Now let's look at each of the different concentration distributions to get a sense of the cell-to-cell variability of each input-output function.

In [15]:
concentrations = df_filt.IPTG_uM.unique()
colors = sns.color_palette("Blues_r", len(concentrations))

fig, ax = plt.subplots(2, 1, figsize=(4, 4), sharex=True)

# Set the nice scientific notation for the y axis of the histograms
ax[0].yaxis.set_major_formatter(
    mpl.ticker.ScalarFormatter(useMathText=True, useOffset=False)
)
ax[0].xaxis.set_major_formatter(
    mpl.ticker.ScalarFormatter(useMathText=True, useOffset=False)
)

# Group data frame by concentration
df_group = df_filt[df_filt.rbs == "RBS1027"].groupby("IPTG_uM")

# initialize counter for colors
i = 0
mean_fl = []
for c, data in df_group:
    mean_int = data.mean_intensity
    mean_fl.append(mean_int.mean())
    # Histogram plot
    n, bins, patches = ax[0].hist(
        mean_int,
        30,
        density=1,
        histtype="stepfilled",
        alpha=0.4,
        label=str(c) + r" $\mu$M",
        facecolor=colors[i],
        linewidth=1,
    )
    n, bins, patches = ax[0].hist(
        mean_int,
        30,
        density=1,
        histtype="stepfilled",
        label="",
        edgecolor="k",
        linewidth=1.5,
        facecolor="none",
    )
    # ECDF Plot
    x, y = ecdf(mean_int)
    ax[1].plot(x, y, ".", label=str(c) + r" $\mu$M", color=colors[i])

    # Increase counter
    i += 1

# Declare color map for legend
cmap = plt.cm.get_cmap("Blues_r", len(concentrations))
bounds = np.linspace(0, len(concentrations), len(concentrations) + 1)

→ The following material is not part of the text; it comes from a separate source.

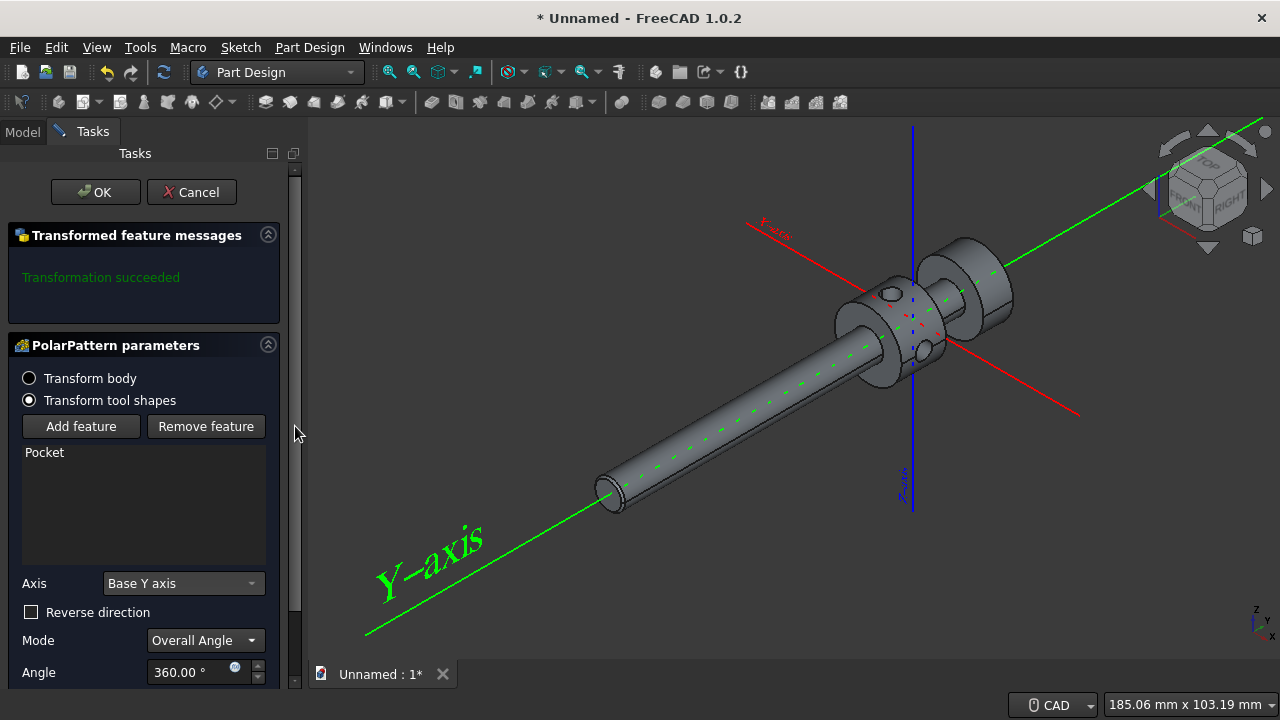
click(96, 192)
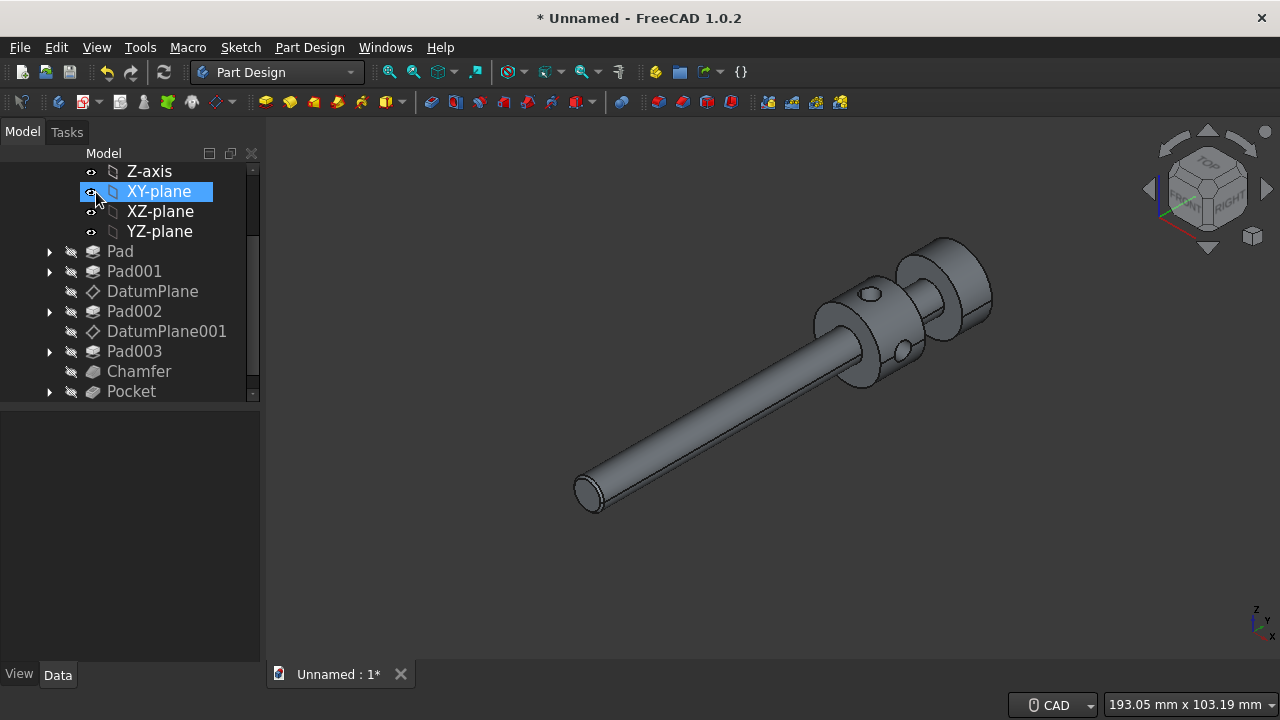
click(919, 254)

# # Plot a little triangle indicating the mean of each distribution
mean_plot = ax[0].scatter(
    mean_fl,
    [0.018] * len(mean_fl),
    marker="v",
    s=200,
    c=np.arange(len(mean_fl)),
    cmap=cmap,
    edgecolor="k",
    linewidth=1.5,
)
# Generate a colorbar with the concentrations
cbar_ax = fig.add_axes([0.95, 0.25, 0.03, 0.5])
cbar = fig.colorbar(mean_plot, cax=cbar_ax)
cbar.ax.get_yaxis().set_ticks([])
for j, c in enumerate(concentrations):
    if c == 0.1:
        c = str(c)
    else:
        c = str(int(c))
    cbar.ax.text(
        1,
        j / len(concentrations) + 1 / (2 * len(concentrations)),
        c,
        ha="left",
        va="center",
        transform=cbar_ax.transAxes,
        fontsize=8,
    )
cbar.ax.get_yaxis().labelpad = 35
cbar.set_label(r"[inducer] ($\mu$M)")

ax[0].set_ylim(bottom=0, top=0.02)
ax[0].set_ylabel("probability")
ax[0].ticklabel_format(style="sci", axis="y", scilimits=(0, 0))

ax[1].margins(0.02)
ax[1].set_xlabel("fluorescence (a.u.)")
ax[1].set_ylabel("ECDF")

plt.figtext(0.0, 0.9, "(A)", fontsize=12)
plt.figtext(0.0, 0.46, "(B)", fontsize=12)

plt.subplots_adjust(hspace=0.06)

This looks very good. We can now take these single-cell intensity values to the next steps of the analysis pipeline!